■ Exercise prompt
Write all entries out exactly, images excluded.

Records provided section start

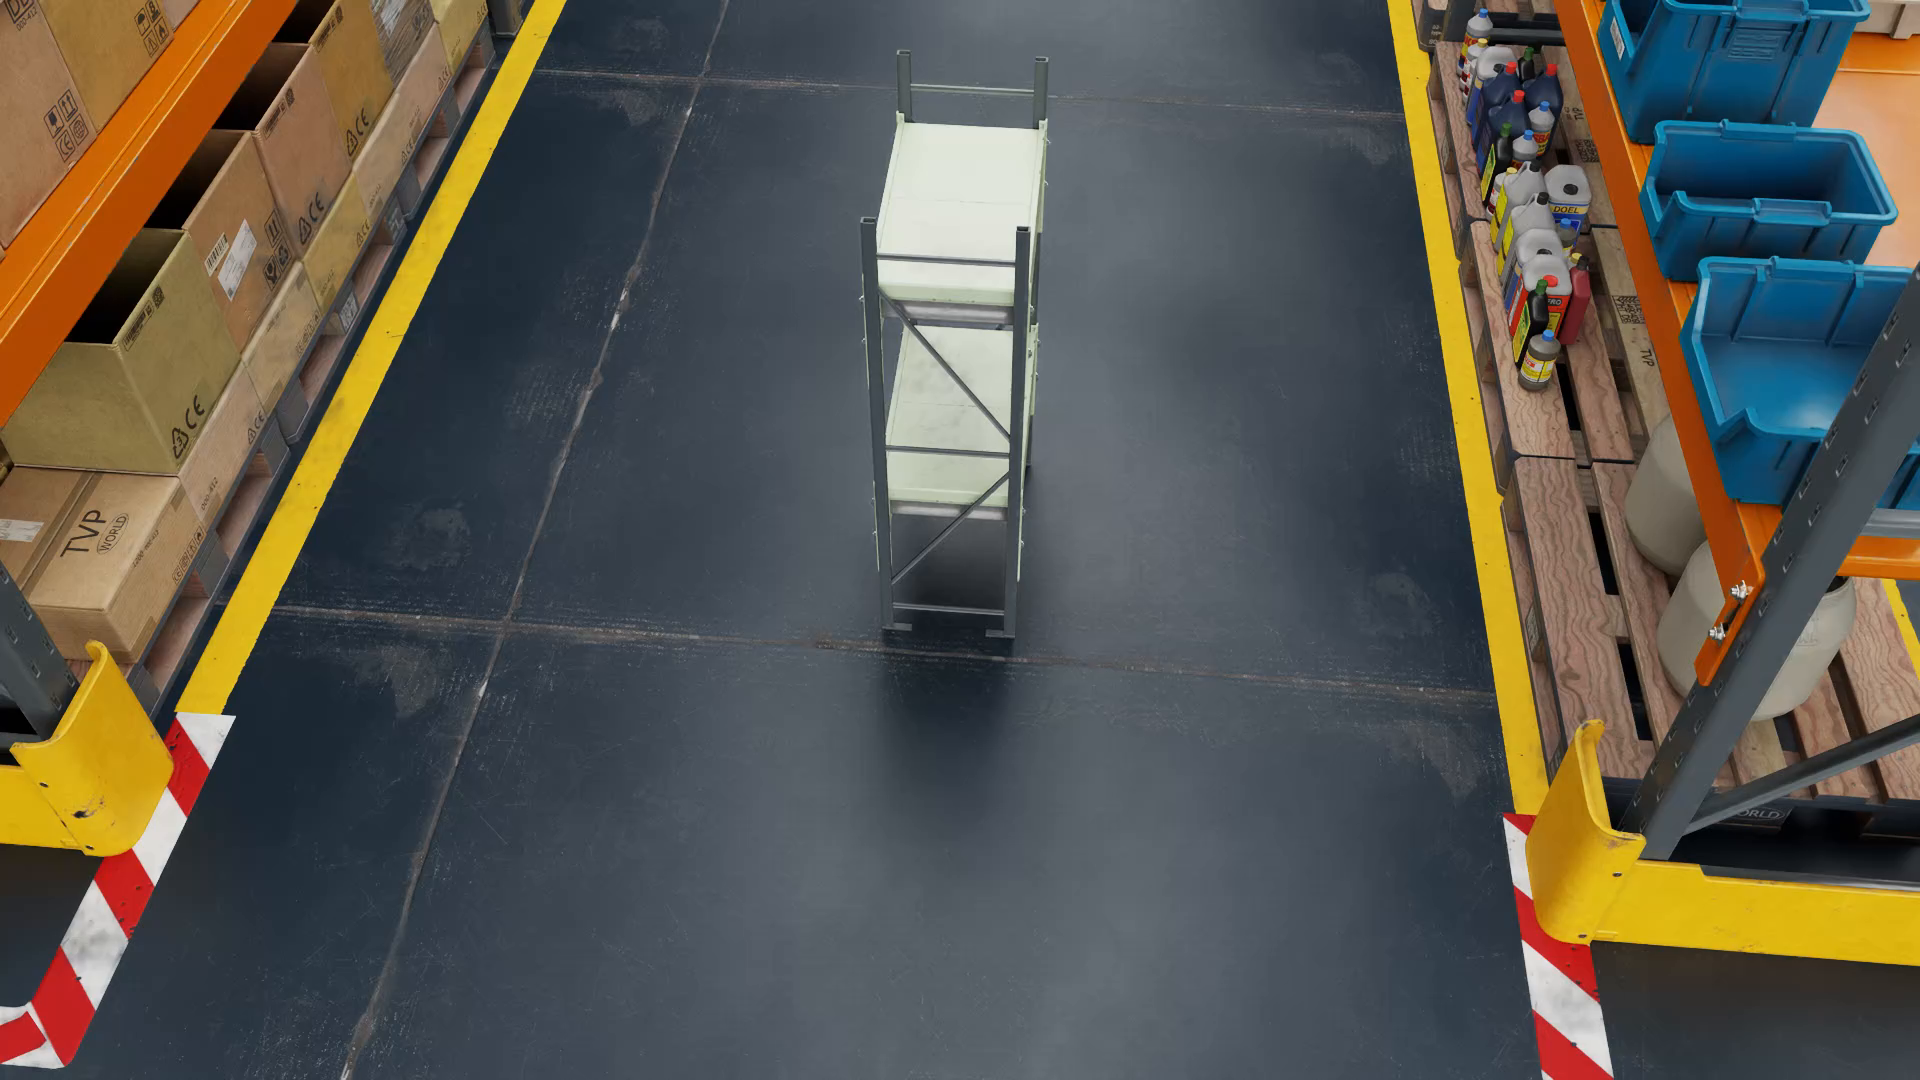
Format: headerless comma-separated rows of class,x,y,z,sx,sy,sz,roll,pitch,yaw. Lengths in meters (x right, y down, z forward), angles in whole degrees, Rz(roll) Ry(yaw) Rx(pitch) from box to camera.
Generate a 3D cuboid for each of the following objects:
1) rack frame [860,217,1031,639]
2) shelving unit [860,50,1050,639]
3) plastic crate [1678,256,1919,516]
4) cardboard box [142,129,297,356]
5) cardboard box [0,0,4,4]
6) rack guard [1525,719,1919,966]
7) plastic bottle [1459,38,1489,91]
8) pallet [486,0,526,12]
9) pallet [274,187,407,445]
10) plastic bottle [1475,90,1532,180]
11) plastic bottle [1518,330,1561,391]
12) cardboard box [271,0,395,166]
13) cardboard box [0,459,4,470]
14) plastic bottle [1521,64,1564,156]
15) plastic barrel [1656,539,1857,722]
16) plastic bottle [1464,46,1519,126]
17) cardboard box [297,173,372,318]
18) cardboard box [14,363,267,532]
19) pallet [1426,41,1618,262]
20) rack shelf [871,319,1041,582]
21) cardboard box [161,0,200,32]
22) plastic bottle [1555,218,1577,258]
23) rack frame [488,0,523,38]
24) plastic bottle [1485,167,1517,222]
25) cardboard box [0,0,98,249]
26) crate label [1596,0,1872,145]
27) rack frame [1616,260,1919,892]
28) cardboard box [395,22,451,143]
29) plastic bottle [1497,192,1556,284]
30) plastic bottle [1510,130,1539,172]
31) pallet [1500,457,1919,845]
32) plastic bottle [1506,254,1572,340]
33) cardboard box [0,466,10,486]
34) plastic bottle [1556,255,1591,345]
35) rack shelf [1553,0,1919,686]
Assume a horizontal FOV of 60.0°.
rack frame,-0.034,-0.232,4.446,0.400,1.500,0.023,4,48,4
shelving unit,-0.001,-0.501,4.692,0.431,1.500,0.755,4,48,4
plastic crate,1.886,-0.343,3.631,0.499,0.251,0.616,4,48,4
cardboard box,-2.447,-0.923,5.132,0.500,0.500,0.500,4,48,4
cardboard box,-2.473,-1.430,4.018,0.380,0.149,0.250,3,48,3
rack guard,2.099,0.780,4.198,1.175,0.500,0.348,4,48,4
plastic bottle,2.028,-1.869,6.525,0.097,0.201,0.097,0,48,0
pallet,-2.401,-2.883,7.744,1.003,0.211,1.213,4,48,4
pallet,-2.652,-0.859,5.892,1.003,0.211,1.213,4,48,4
plastic bottle,1.999,-1.495,6.081,0.144,0.351,0.185,2,48,2
plastic bottle,1.870,-0.588,5.353,0.097,0.201,0.097,0,48,0
cardboard box,-2.353,-1.657,5.804,0.500,0.500,0.500,4,48,4
cardboard box,-3.041,-0.222,4.491,0.500,0.500,0.500,4,48,4
plastic bottle,2.160,-1.624,6.199,0.144,0.351,0.185,4,48,4
plastic barrel,2.123,0.204,4.432,0.421,0.512,0.421,0,48,0
plastic bottle,2.036,-1.729,6.347,0.152,0.276,0.135,5,48,5
cardboard box,-2.385,-1.036,5.743,0.500,0.250,0.500,4,48,4
cardboard box,-2.481,-0.301,5.072,0.500,0.250,0.500,4,48,4
pallet,2.401,-1.513,6.490,1.003,0.211,1.213,4,48,4
rack shelf,-0.001,-0.281,4.933,0.431,0.370,0.720,4,48,4
cardboard box,-2.600,-1.855,4.846,0.700,0.500,0.500,5,48,5
plastic bottle,2.068,-1.019,5.748,0.097,0.201,0.097,0,48,0
rack frame,-2.429,-3.280,6.217,1.000,3.000,0.127,4,48,4
plastic bottle,1.950,-1.238,5.948,0.097,0.201,0.097,0,48,0
cardboard box,-2.695,-1.103,4.158,0.700,0.500,0.500,5,48,5
crate label,2.037,-1.388,4.462,0.502,0.435,0.616,4,48,4
rack frame,2.139,-0.005,3.222,1.000,3.000,0.127,4,48,4
cardboard box,-2.309,-1.772,6.416,0.500,0.250,0.500,4,48,4
plastic bottle,1.944,-1.046,5.671,0.144,0.351,0.185,6,48,5
plastic bottle,2.023,-1.357,6.010,0.097,0.271,0.097,0,48,0
pallet,2.178,0.280,4.850,1.003,0.211,1.213,4,48,4
plastic bottle,1.920,-0.797,5.494,0.152,0.276,0.135,4,48,4
cardboard box,-3.039,0.031,4.767,0.500,0.250,0.500,4,48,4
plastic bottle,2.026,-0.792,5.485,0.061,0.283,0.133,4,48,4
rack shelf,2.321,-1.232,4.831,1.077,0.370,4.000,4,48,4

Records provided section end

■ Response area
Format: headerless comma-separated rows of class,x,y,z,sx,sy,sz,roll,pitch,yaw. Lengths in meters (x right, y down, z forward), angles in whole degrees, Rz(roll) Ry(yaw) Rx(pitch) from box to camera.
Generate a 3D cuboid for each of the following objects:
1) rack frame [860,217,1031,639]
2) shelving unit [860,50,1050,639]
3) plastic crate [1678,256,1919,516]
4) cardboard box [142,129,297,356]
5) cardboard box [0,0,4,4]
6) rack guard [1525,719,1919,966]
7) plastic bottle [1459,38,1489,91]
8) pallet [486,0,526,12]
9) pallet [274,187,407,445]
10) plastic bottle [1475,90,1532,180]
11) plastic bottle [1518,330,1561,391]
12) cardboard box [271,0,395,166]
13) cardboard box [0,459,4,470]
14) plastic bottle [1521,64,1564,156]
15) plastic barrel [1656,539,1857,722]
16) plastic bottle [1464,46,1519,126]
17) cardboard box [297,173,372,318]
18) cardboard box [14,363,267,532]
19) pallet [1426,41,1618,262]
20) rack shelf [871,319,1041,582]
21) cardboard box [161,0,200,32]
22) plastic bottle [1555,218,1577,258]
23) rack frame [488,0,523,38]
24) plastic bottle [1485,167,1517,222]
25) cardboard box [0,0,98,249]
26) crate label [1596,0,1872,145]
27) rack frame [1616,260,1919,892]
28) cardboard box [395,22,451,143]
29) plastic bottle [1497,192,1556,284]
30) plastic bottle [1510,130,1539,172]
31) pallet [1500,457,1919,845]
32) plastic bottle [1506,254,1572,340]
33) cardboard box [0,466,10,486]
34) plastic bottle [1556,255,1591,345]
35) rack shelf [1553,0,1919,686]
Assume a horizontal FOV of 60.0°.
rack frame,-0.034,-0.232,4.446,0.400,1.500,0.023,4,48,4
shelving unit,-0.001,-0.501,4.692,0.431,1.500,0.755,4,48,4
plastic crate,1.886,-0.343,3.631,0.499,0.251,0.616,4,48,4
cardboard box,-2.447,-0.923,5.132,0.500,0.500,0.500,4,48,4
cardboard box,-2.473,-1.430,4.018,0.380,0.149,0.250,3,48,3
rack guard,2.099,0.780,4.198,1.175,0.500,0.348,4,48,4
plastic bottle,2.028,-1.869,6.525,0.097,0.201,0.097,0,48,0
pallet,-2.401,-2.883,7.744,1.003,0.211,1.213,4,48,4
pallet,-2.652,-0.859,5.892,1.003,0.211,1.213,4,48,4
plastic bottle,1.999,-1.495,6.081,0.144,0.351,0.185,2,48,2
plastic bottle,1.870,-0.588,5.353,0.097,0.201,0.097,0,48,0
cardboard box,-2.353,-1.657,5.804,0.500,0.500,0.500,4,48,4
cardboard box,-3.041,-0.222,4.491,0.500,0.500,0.500,4,48,4
plastic bottle,2.160,-1.624,6.199,0.144,0.351,0.185,4,48,4
plastic barrel,2.123,0.204,4.432,0.421,0.512,0.421,0,48,0
plastic bottle,2.036,-1.729,6.347,0.152,0.276,0.135,5,48,5
cardboard box,-2.385,-1.036,5.743,0.500,0.250,0.500,4,48,4
cardboard box,-2.481,-0.301,5.072,0.500,0.250,0.500,4,48,4
pallet,2.401,-1.513,6.490,1.003,0.211,1.213,4,48,4
rack shelf,-0.001,-0.281,4.933,0.431,0.370,0.720,4,48,4
cardboard box,-2.600,-1.855,4.846,0.700,0.500,0.500,5,48,5
plastic bottle,2.068,-1.019,5.748,0.097,0.201,0.097,0,48,0
rack frame,-2.429,-3.280,6.217,1.000,3.000,0.127,4,48,4
plastic bottle,1.950,-1.238,5.948,0.097,0.201,0.097,0,48,0
cardboard box,-2.695,-1.103,4.158,0.700,0.500,0.500,5,48,5
crate label,2.037,-1.388,4.462,0.502,0.435,0.616,4,48,4
rack frame,2.139,-0.005,3.222,1.000,3.000,0.127,4,48,4
cardboard box,-2.309,-1.772,6.416,0.500,0.250,0.500,4,48,4
plastic bottle,1.944,-1.046,5.671,0.144,0.351,0.185,6,48,5
plastic bottle,2.023,-1.357,6.010,0.097,0.271,0.097,0,48,0
pallet,2.178,0.280,4.850,1.003,0.211,1.213,4,48,4
plastic bottle,1.920,-0.797,5.494,0.152,0.276,0.135,4,48,4
cardboard box,-3.039,0.031,4.767,0.500,0.250,0.500,4,48,4
plastic bottle,2.026,-0.792,5.485,0.061,0.283,0.133,4,48,4
rack shelf,2.321,-1.232,4.831,1.077,0.370,4.000,4,48,4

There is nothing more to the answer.